Nell’alta Maremma toscana sono appena sbocciati 137 girasoli meccanici, piante hitech capaci di catturare e distribuire energia sufficiente al fabbisogno elettrico di 600 famiglie. A coltivarli su un’area di circa 5 ettari di terreno ci pensa un giardiniere particolare, Solar Energy Italia, l’impresa di Prato specializzata in impianti fotovoltaici, che ha dato vita ad Agro di Sticciano al più grande parco ad «inseguimento solare» d’Italia.

L’idea di piantare gli inseguitori solari vicino ad un campo agricolo arriva su sollecitazione di Federico Vecchioni, presidente di Confagricoltura e socio di riferimento de il Ceppo, la società che ha investito 7 milioni nel sito produttivo grossetano. Ragioni ambientali innanzitutto, ma anche di affari. L’impianto del Cicalino1 consente di risparmiare 312 tonnellate di petrolio l’anno (corrispondenti a quasi 50 autocisterne) evitando l’immissione di 952 tonnellate di CO2 in atmosfera.

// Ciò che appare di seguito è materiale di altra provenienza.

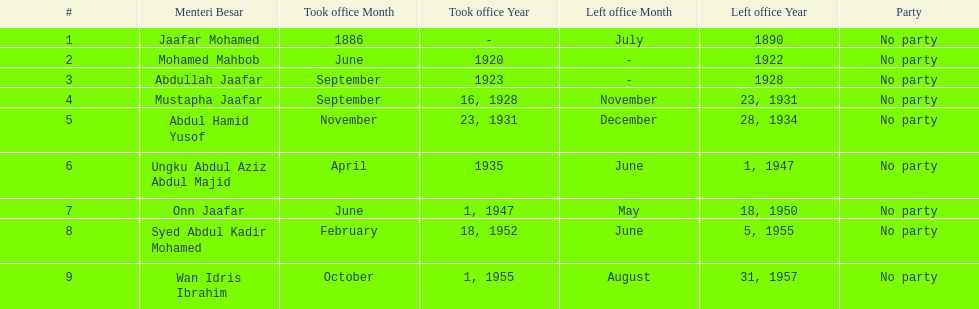Who was in office previous to abdullah jaafar? Mohamed Mahbob. 
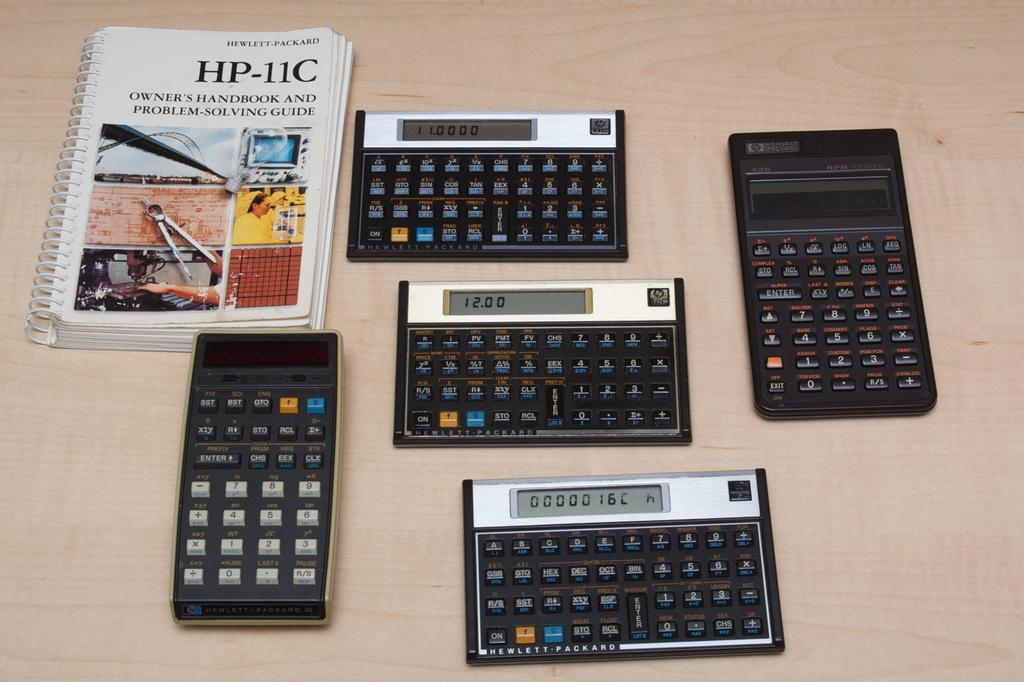<image>
Create a compact narrative representing the image presented. Five Hewlett-Packard calculators are arranged on a table next to an owner's manual and problem-solving guide. 
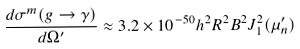<formula> <loc_0><loc_0><loc_500><loc_500>\frac { d \sigma ^ { m } ( g \to \gamma ) } { d \Omega ^ { \prime } } \approx 3 . 2 \times 1 0 ^ { - 5 0 } h ^ { 2 } R ^ { 2 } B ^ { 2 } J _ { 1 } ^ { 2 } ( \mu ^ { \prime } _ { n } )</formula> 
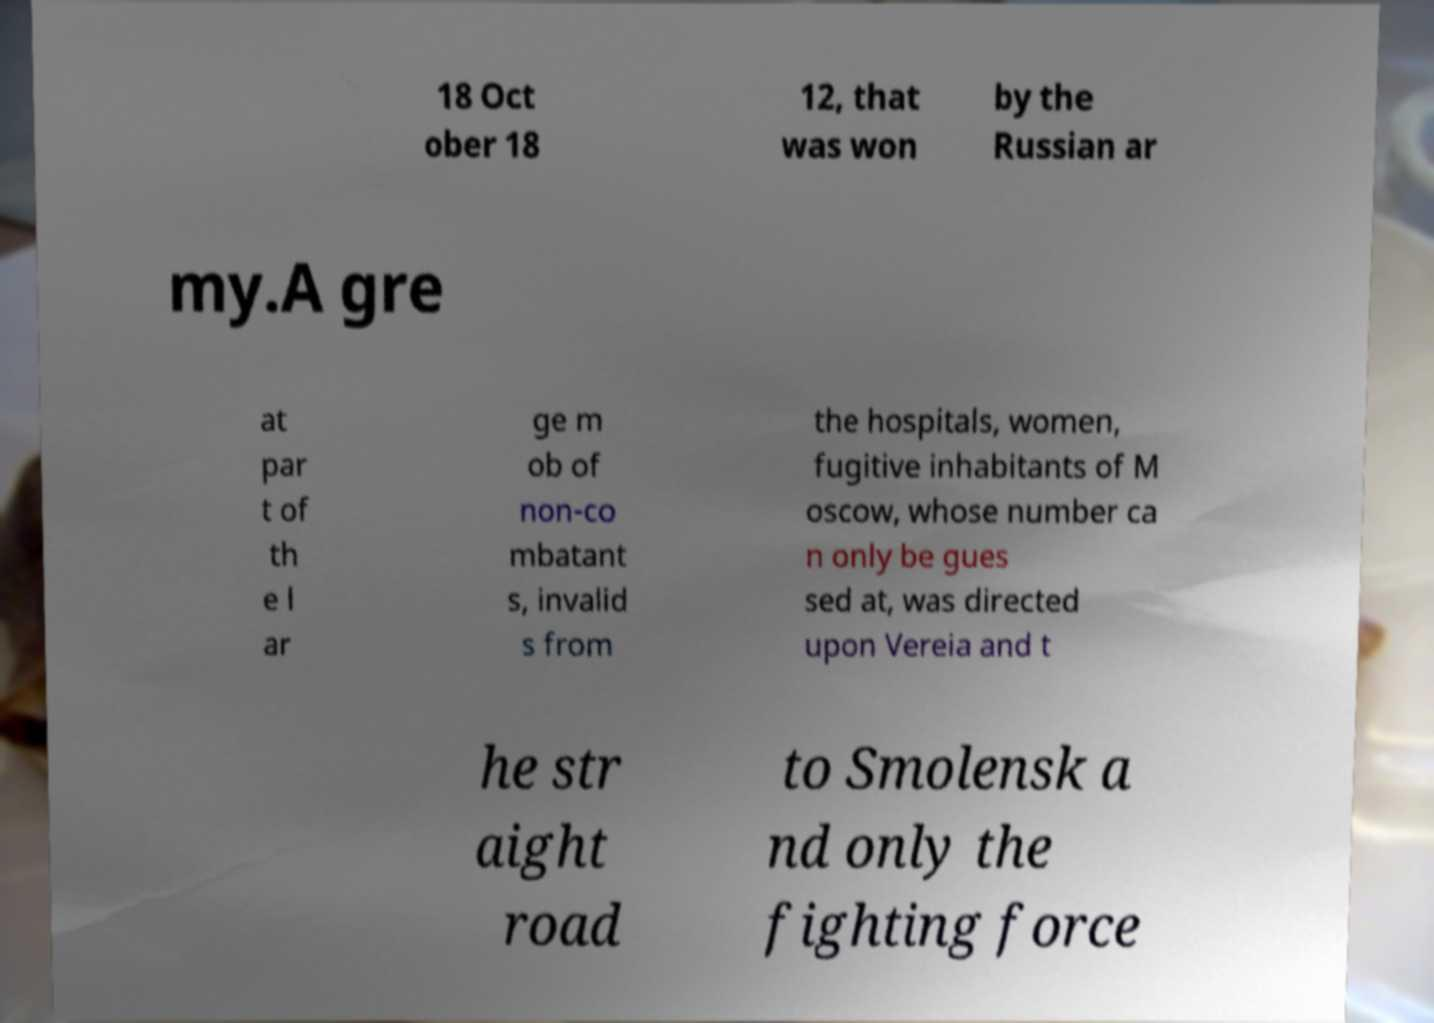Can you accurately transcribe the text from the provided image for me? 18 Oct ober 18 12, that was won by the Russian ar my.A gre at par t of th e l ar ge m ob of non-co mbatant s, invalid s from the hospitals, women, fugitive inhabitants of M oscow, whose number ca n only be gues sed at, was directed upon Vereia and t he str aight road to Smolensk a nd only the fighting force 
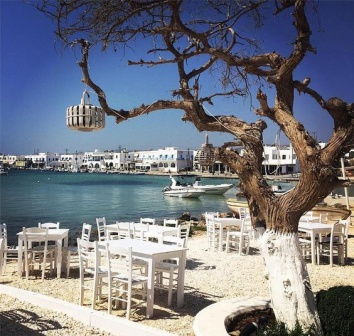Imagine a festival or special event taking place here. What kind of event would it be and how would the scene look? Imagine a local seafood festival taking place at this seaside restaurant. The entire patio is adorned with colorful banners and festoon lights. Stalls are set up around the perimeter, offering an array of seafood delicacies, artisanal cheeses, and local wines. A stage has been erected by the water's edge, where musicians perform lively folk songs. The air is filled with the enticing aroma of grilled fish, fresh paella, and sizzling shrimp skewers. Families and friends gather at the white tables, enjoying the feast and the festive atmosphere. Children run around, playing games and laughing with joy. The harbor is animated with additional boats bringing in fresh catches and participating in boat parades. As the sun sets, the scene becomes even more magical with the twinkling lights reflecting on the calm, turquoise waters, creating an unforgettable experience. 
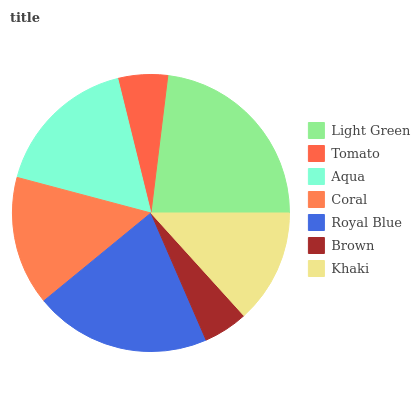Is Brown the minimum?
Answer yes or no. Yes. Is Light Green the maximum?
Answer yes or no. Yes. Is Tomato the minimum?
Answer yes or no. No. Is Tomato the maximum?
Answer yes or no. No. Is Light Green greater than Tomato?
Answer yes or no. Yes. Is Tomato less than Light Green?
Answer yes or no. Yes. Is Tomato greater than Light Green?
Answer yes or no. No. Is Light Green less than Tomato?
Answer yes or no. No. Is Coral the high median?
Answer yes or no. Yes. Is Coral the low median?
Answer yes or no. Yes. Is Aqua the high median?
Answer yes or no. No. Is Brown the low median?
Answer yes or no. No.

E oltretutto la superficie captante installata di ogni "girasole", è di circa 50 metri quadri ed una potenza di 7,260 kwh, garantisce una potenza media complessiva di 1,6 milioni di kwh. L’energia prodotta dall’intero parco sarà riversata in rete. L’obiettivo di Federico Vecchioni è quello di realizzare un polo dedicato alle energie rinnovabili: come primo passo ha optato per il fotovoltaico, anziché su gas e biomasse, perché spinto dall’incentivo statale, non da poco, del conto energia, che riconosce 0,47 euro per kilowattora prodotto erogati dal Gestore elettrico.

«L’impianto di Sticciano spiega l’amministratore delegato Francesco Repola è una novità nel panorama italiano, per dimensioni e per impatto ambientale praticamente nullo. Il tutto ad un alto tasso di efficienza energetica. Rispetto agli impianti fissi, quelli che sfruttano la tecnologia dell’inseguimento solare biassiale garantiscono una performance superiore del 2530%. Il nostro obiettivo è promuovere questa tecnologia su tutta la penisola, che sconta un gap con gli altri paesi europei».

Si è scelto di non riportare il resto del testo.